## What this task involves
Leave out every line before the one that contains "for s, rotation, p". Please restate that line and the rest of the data word for word, through the end.

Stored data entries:
• • •
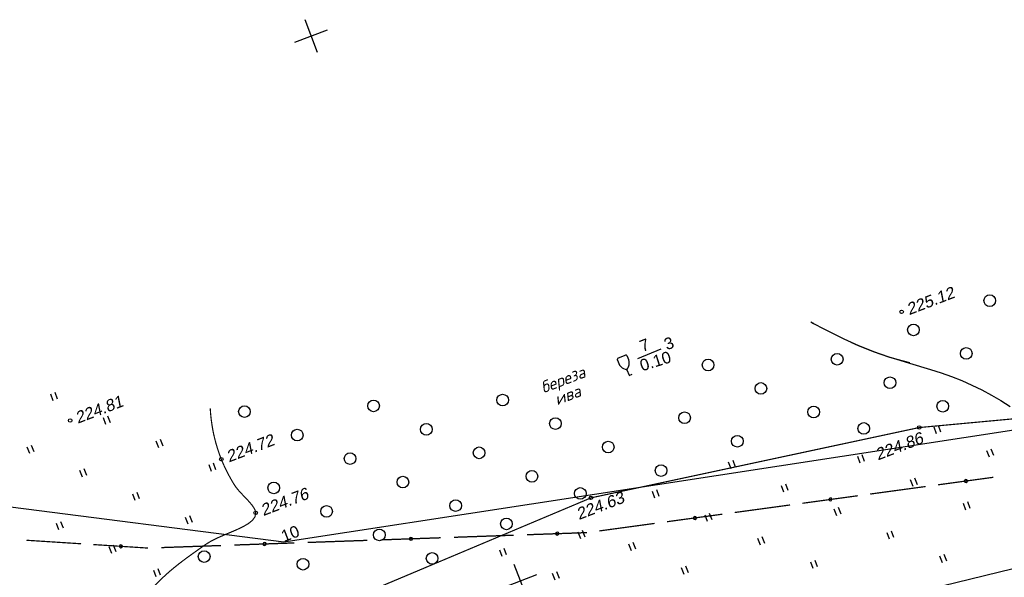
# Model space of a CAD drawing. Header units: millimetres. Extents: x -10 to 1169, y 1 to 1686.
# Tile 219 of 224: x 915 to 1000, y 1564 to 1612. Entities that reach past the tile are written whole.
import ezdxf

# ---------------------------------------------------------------- set-up
doc = ezdxf.new("R2010")
doc.units = ezdxf.units.MM
doc.linetypes.add('AHIDDEN1', pattern=[2, 0.5, -1.5])
for name, color, linetype in [('CONTURS', 7, 'Continuous'), ('COORDS', 7, 'Continuous'), ('IZOLINES', 32, 'Continuous'), ('PDIGIT', 170, 'Continuous'), ('PICKETS', 7, 'Continuous'), ('УЧАСТКИ', 7, 'Continuous')]:
    doc.layers.add(name, color=color, linetype=linetype)
doc.styles.add('ITALICC', font='isocpeui.ttf', dxfattribs={"height": 2})
doc.styles.get("Standard").update_dxf_attribs({"font": 'arial.ttf'})

# ---------------------------------------------------------------- blocks, each defined once
blk = doc.blocks.new('401')
at = {"layer": 'CONTURS'}
for p, q in [((0, 0), (0, 1.2)), ((0.8, 0), (0.8, 1.2))]:
    blk.add_line(p, q, dxfattribs=at)
blk = doc.blocks.new('390_2')
at = {"layer": 'CONTURS', "color": 7}
for p, q in [((0.7, 3.47), (-0.69, 3.47)), ((0, 1.06), (0, 0.03)), ((0.02, 0), (0.58, 0))]:
    blk.add_line(p, q, dxfattribs=at)
at = {"layer": 'CONTURS', "color": 7, "linetype": 'Continuous'}
for centre, radius, start, end in [((-0.65, 3.26), 0.22, 101.9408, 167.6983), ((-0.69, 3.45), 0.0195, 90, 101.9408), ((0.65, 3.26), 0.22, 12.3017, 76.9673), ((1.01, 2.72), 1.95, 167.2459, 239.376), ((-19.94, 7.46), 19.52, 347.2459, 347.6983), ((-1.01, 2.72), 1.95, 300.624, 12.7541), ((19.94, 7.46), 19.52, 192.3017, 192.7541)]:
    blk.add_arc(centre, radius, start, end, dxfattribs=at)
blk = doc.blocks.new('372')
at = {"layer": 'CONTURS'}
blk.add_circle((0, 0), 1, dxfattribs=at)
blk = doc.blocks.new('133')
at = {"layer": 'CONTURS', "color": 7, "linetype": 'Continuous', "const_width": 0.2}
for points in [[(-11, 0), (-2, 0)], [(0, 0), (9, 0)]]:
    blk.add_lwpolyline(points, dxfattribs=at)
at = {"layer": 'CONTURS', "color": 7, "linetype": 'Continuous', "const_width": 0.5}
blk.add_lwpolyline([(-6.79, 0, 1), (-6.29, 0, 1)], format="xyb", close=True, dxfattribs=at)

msp = doc.modelspace()

# ---------------------------------------------------------------- linework, layer by layer
at = {"layer": 'CONTURS'}
msp.add_lwpolyline([(968.32476, 1582.70666), (970.30849, 1583.51695)], dxfattribs=at)
at = {"layer": 'CONTURS', "linetype": 'AHIDDEN1', "const_width": 0.1}
msp.add_lwpolyline([(925.9143, 1561.98315), (935.42519, 1561.30187), (945.3575, 1562.77939), (964.3016, 1570.76045), (992.40593, 1576.78317), (1018.83063, 1579.23155)], dxfattribs=at)
at = {"layer": 'CONTURS', "linetype": 'AHIDDEN1', "const_width": 0.1, "flags": 128}
msp.add_lwpolyline([(925.83074, 1561.98914), (925.99776, 1562.18941), (926.16681, 1562.38745), (926.3379, 1562.58327), (926.51103, 1562.77686), (926.68619, 1562.96823), (926.8634, 1563.15738), (927.04264, 1563.3443), (927.22392, 1563.529), (927.40723, 1563.71147), (927.59259, 1563.89172), (927.93703, 1564.21232), (928.29118, 1564.52291), (928.65378, 1564.82462), (929.02355, 1565.11859), (929.39922, 1565.40594), (929.77952, 1565.68783), (930.16318, 1565.96537), (930.54892, 1566.23972), (930.93549, 1566.512), (931.32159, 1566.78335), (931.77731, 1567.06199), (932.30171, 1567.32216), (932.86657, 1567.57003), (933.44371, 1567.81176), (934.00491, 1568.05351), (934.52198, 1568.30143), (934.9667, 1568.56169), (935.31089, 1568.84045), (935.52632, 1569.14386), (935.5848, 1569.47809), (935.53292, 1569.69525), (935.42061, 1569.92037), (935.25944, 1570.15261), (935.06101, 1570.39115), (934.8369, 1570.63517), (934.5987, 1570.88384), (934.358, 1571.13633), (934.12638, 1571.39182), (933.91544, 1571.64947), (933.73675, 1571.90846), (933.61198, 1572.11583), (933.48995, 1572.32568), (933.3709, 1572.53785), (933.25507, 1572.75214), (933.14269, 1572.96837), (933.034, 1573.18636), (932.92924, 1573.40592), (932.82864, 1573.62687), (932.73244, 1573.84904), (932.64088, 1574.07223), (932.484, 1574.4854), (932.3409, 1574.90348), (932.21158, 1575.32645), (932.09603, 1575.75433), (931.99425, 1576.1871), (931.90625, 1576.62477), (931.83202, 1577.06735), (931.77157, 1577.51482), (931.72489, 1577.96719), (931.69199, 1578.42446)], dxfattribs=at)
at = {"layer": 'COORDS', "lineweight": -2}
for p, q in [((940.88532, 1608.92787), (939.81022, 1611.72861)), ((938.9474, 1609.79069), (941.74814, 1610.86579)), ((958.80372, 1562.24885), (957.72862, 1565.04959)), ((956.8658, 1563.11167), (959.66654, 1564.18677))]:
    msp.add_line(p, q, dxfattribs=at)
at = {"layer": 'IZOLINES'}
for points in [[(983.14206, 1585.83543), (983.37303, 1585.71221), (983.37548, 1585.71089), (983.3732, 1585.71059), (984.23219, 1585.25446), (984.23952, 1585.25062), (984.23952, 1585.25062), (984.23952, 1585.25062), (984.23952, 1585.25062), (984.24129, 1585.25101), (985.3813, 1584.66831), (985.96996, 1584.38302), (986.57252, 1584.10354), (986.57627, 1584.10184), (986.57803, 1584.1029), (987.21359, 1583.8216), (987.85586, 1583.55632), (988.50423, 1583.3068), (989.15852, 1583.07374), (989.81826, 1582.85707), (990.4827, 1582.65572), (991.56865, 1582.35589)], [(986.54893, 1584.08547), (987.18755, 1583.81113), (987.8319, 1583.55086), (988.48154, 1583.30443), (989.13616, 1583.07187), (989.79516, 1582.85235), (990.45771, 1582.64399), (991.57277, 1582.31127), (991.56885, 1582.31194), (993.38228, 1581.77035), (994.2817, 1581.47692), (995.17204, 1581.15799), (996.05053, 1580.80897), (996.91498, 1580.42772), (997.76372, 1580.01385), (998.59564, 1579.56818), (999.41015, 1579.0923), (1000.20713, 1578.58839)]]:
    msp.add_lwpolyline(points, dxfattribs=at)
at = {"layer": 'PICKETS', "color": 7, "lineweight": -2}
for centre in [(990.90528, 1586.6947), (919.70092, 1577.39142), (992.40593, 1576.78317), (932.64088, 1574.07223), (964.3016, 1570.76045), (935.5848, 1569.47809)]:
    msp.add_circle(centre, 0.15, dxfattribs=at)
at = {"layer": 'УЧАСТКИ', "color": 6, "linetype": 'Continuous', "lineweight": -2}
for p, q in [((1033.99818, 1581.69793), (937.99535, 1566.95433)), ((1059.84157, 1579.13944), (966.85761, 1556.5035)), ((937.99535, 1566.95433), (870.68597, 1575.62897))]:
    msp.add_line(p, q, dxfattribs=at)

# ---------------------------------------------------------------- block references
at = {"layer": 'CONTURS', "lineweight": -2, "yscale": 0.5}
for name, p, xscale, zscale, rotation in [('372', (998.45623, 1587.65625), 0.5, 0.5, 21), ('372', (991.92116, 1585.14767), 0.5, 0.5, 21), ('372', (996.44298, 1583.13443), 0.5, 0.5, 21), ('390_2', (967.56767, 1581.24475), 0.5, 0.5, 21), ('372', (985.3861, 1582.6391), 0.5, 0.5, 21), ('372', (974.32922, 1582.14377), 0.5, 0.5, 21), ('372', (989.90792, 1580.62585), 0.5, 0.5, 21), ('372', (978.85104, 1580.13052), 0.5, 0.5, 21), ('401', (918.24219, 1579.07087), 0.5, 0.5, 21), ('372', (956.73727, 1579.13986), 0.5, 0.5, 21), ('372', (934.62351, 1578.14919), 0.5, 0.5, 21), ('372', (945.68039, 1578.64453), 0.5, 0.5, 21), ('372', (983.37286, 1578.11728), 0.5, 0.5, 21), ('372', (994.42974, 1578.61261), 0.5, 0.5, 21), ('372', (972.31597, 1577.62195), 0.5, 0.5, 21), ('401', (922.76401, 1577.05763), 0.5, 0.5, 21), ('372', (950.20221, 1576.63128), 0.5, 0.5, 21), ('372', (961.25909, 1577.12661), 0.5, 0.5, 21), ('372', (987.6642, 1576.70444), 0.5, 0.5, 21), ('401', (993.89849, 1576.25461), 0.5, 0.5, 21), ('372', (939.14533, 1576.13595), 0.5, 0.5, 21), ('372', (976.83779, 1575.6087), 0.5, 0.5, 21), ('401', (916.22894, 1574.54905), 0.5, 0.5, 21), ('401', (927.28583, 1575.04438), 0.5, 0.5, 21), ('372', (954.72403, 1574.61804), 0.5, 0.5, 21), ('372', (965.78091, 1575.11337), 0.5, 0.5, 21), ('372', (943.66715, 1574.12271), 0.5, 0.5, 21), ('401', (987.36342, 1573.74603), 0.5, 0.5, 21), ('401', (998.4203, 1574.24137), 0.5, 0.5, 21), ('401', (931.80765, 1573.03114), 0.5, 0.5, 21), ('372', (970.30273, 1573.10013), 0.5, 0.5, 21), ('401', (976.30654, 1573.2507), 0.5, 0.5, 21), ('401', (920.75076, 1572.53581), 0.5, 0.5, 21), ('372', (948.18897, 1572.10946), 0.5, 0.5, 21), ('372', (959.24585, 1572.6048), 0.5, 0.5, 21), ('133', (992.96046, 1571.73245), 0.5323477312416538, 0.532347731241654, 187.7557439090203), ('372', (937.13208, 1571.61413), 0.5, 0.5, 21), ('401', (980.82836, 1571.23746), 0.5, 0.5, 21), ('401', (991.88524, 1571.73279), 0.5, 0.5, 21), ('401', (925.27258, 1570.52256), 0.5, 0.5, 21), ('372', (963.38702, 1571.13433), 0.5, 0.5, 21), ('401', (969.77148, 1570.74213), 0.5, 0.5, 21), ('133', (981.35595, 1570.15196), 0.5323477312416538, 0.532347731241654, 187.7557439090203), ('372', (941.6539, 1569.60089), 0.5, 0.5, 21), ('372', (952.71079, 1570.09622), 0.5, 0.5, 21), ('401', (996.40706, 1569.71955), 0.5, 0.5, 21), ('133', (969.75143, 1568.57147), 0.5323477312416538, 0.532347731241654, 187.7557439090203), ('401', (974.2933, 1568.72888), 0.5, 0.5, 21), ('401', (985.35018, 1569.22421), 0.5, 0.5, 21), ('401', (918.73752, 1568.01399), 0.5, 0.5, 21), ('401', (929.7944, 1568.50932), 0.5, 0.5, 21), ('372', (957.05975, 1568.53327), 0.5, 0.5, 21), ('372', (946.17572, 1567.58764), 0.5, 0.5, 21), ('133', (957.68421, 1567.56068), 0.569894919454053, 0.569894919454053, 182.016106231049), ('401', (963.42714, 1567.25123), 0.5, 0.5, 21), ('401', (989.872, 1567.21097), 0.5, 0.5, 21), ('133', (920.63727, 1566.8263), 0.5212692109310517, 0.5212692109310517, 176.3170257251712), ('133', (932.62435, 1566.67852), 0.569894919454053, 0.569894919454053, 182.016106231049), ('133', (945.15428, 1567.1196), 0.569894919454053, 0.569894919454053, 182.016106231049), ('401', (967.75823, 1566.22031), 0.5, 0.5, 21), ('401', (978.81512, 1566.71564), 0.5, 0.5, 21), ('401', (923.25934, 1566.00075), 0.5, 0.5, 21), ('372', (931.1726, 1565.73022), 0.5, 0.5, 21), ('372', (950.69754, 1565.5744), 0.5, 0.5, 21), ('401', (956.70135, 1565.72497), 0.5, 0.5, 21), ('372', (939.64066, 1565.07907), 0.5, 0.5, 21), ('401', (983.33693, 1564.70239), 0.5, 0.5, 21), ('401', (994.39382, 1565.19773), 0.5, 0.5, 21), ('401', (927.07244, 1563.98596), 0.5, 0.5, 21), ('401', (961.22317, 1563.71173), 0.5, 0.5, 21), ('401', (972.28005, 1564.20706), 0.5, 0.5, 21)]:
    msp.add_blockref(name, p, dxfattribs=dict(at, xscale=xscale, zscale=zscale, rotation=rotation))

# ---------------------------------------------------------------- texts
at = {"layer": 'CONTURS', "lineweight": -2}
for s, rotation, p in [('3', 21, (970.79399, 1583.39776)), ('7', 21, (968.70479, 1583.24296)), ('0.10', 17.4252893, (968.67228, 1581.59254))]:
    msp.add_text(s, height=1, rotation=rotation, dxfattribs=at).set_placement(p)
at = {"layer": 'CONTURS', "lineweight": -2, "style": 'ITALICC'}
for s, p in [('береза', (960.2213, 1579.70794)), ('ива', (961.39378, 1578.68039))]:
    msp.add_text(s, height=1, rotation=21, dxfattribs=at).set_placement(p)
at = {"layer": 'PDIGIT', "color": 7, "lineweight": -2, "oblique": 10}
for s, p in [('225.12', (991.55126, 1586.40709)), ('224.81', (920.34689, 1577.10381)), ('224.72', (933.28685, 1573.78462)), ('224.86', (988.86988, 1573.95888)), ('224.76', (936.23078, 1569.19049)), ('224.63', (963.26462, 1568.85704))]:
    msp.add_text(s, height=1, rotation=21, dxfattribs=at).set_placement(p)
at = {"layer": 'УЧАСТКИ', "color": 6, "lineweight": -2}
msp.add_text('10', height=1, rotation=21, dxfattribs=at).set_placement((937.99535, 1566.95433))

doc.saveas('drawing.dxf')
• • •
## Expected output
for s, rotation, p in [('3', 21, (970.79399, 1583.39776)), ('7', 21, (968.70479, 1583.24296)), ('0.10', 17.4252893, (968.67228, 1581.59254))]:
    msp.add_text(s, height=1, rotation=rotation, dxfattribs=at).set_placement(p)
at = {"layer": 'CONTURS', "lineweight": -2, "style": 'ITALICC'}
for s, p in [('береза', (960.2213, 1579.70794)), ('ива', (961.39378, 1578.68039))]:
    msp.add_text(s, height=1, rotation=21, dxfattribs=at).set_placement(p)
at = {"layer": 'PDIGIT', "color": 7, "lineweight": -2, "oblique": 10}
for s, p in [('225.12', (991.55126, 1586.40709)), ('224.81', (920.34689, 1577.10381)), ('224.72', (933.28685, 1573.78462)), ('224.86', (988.86988, 1573.95888)), ('224.76', (936.23078, 1569.19049)), ('224.63', (963.26462, 1568.85704))]:
    msp.add_text(s, height=1, rotation=21, dxfattribs=at).set_placement(p)
at = {"layer": 'УЧАСТКИ', "color": 6, "lineweight": -2}
msp.add_text('10', height=1, rotation=21, dxfattribs=at).set_placement((937.99535, 1566.95433))

doc.saveas('drawing.dxf')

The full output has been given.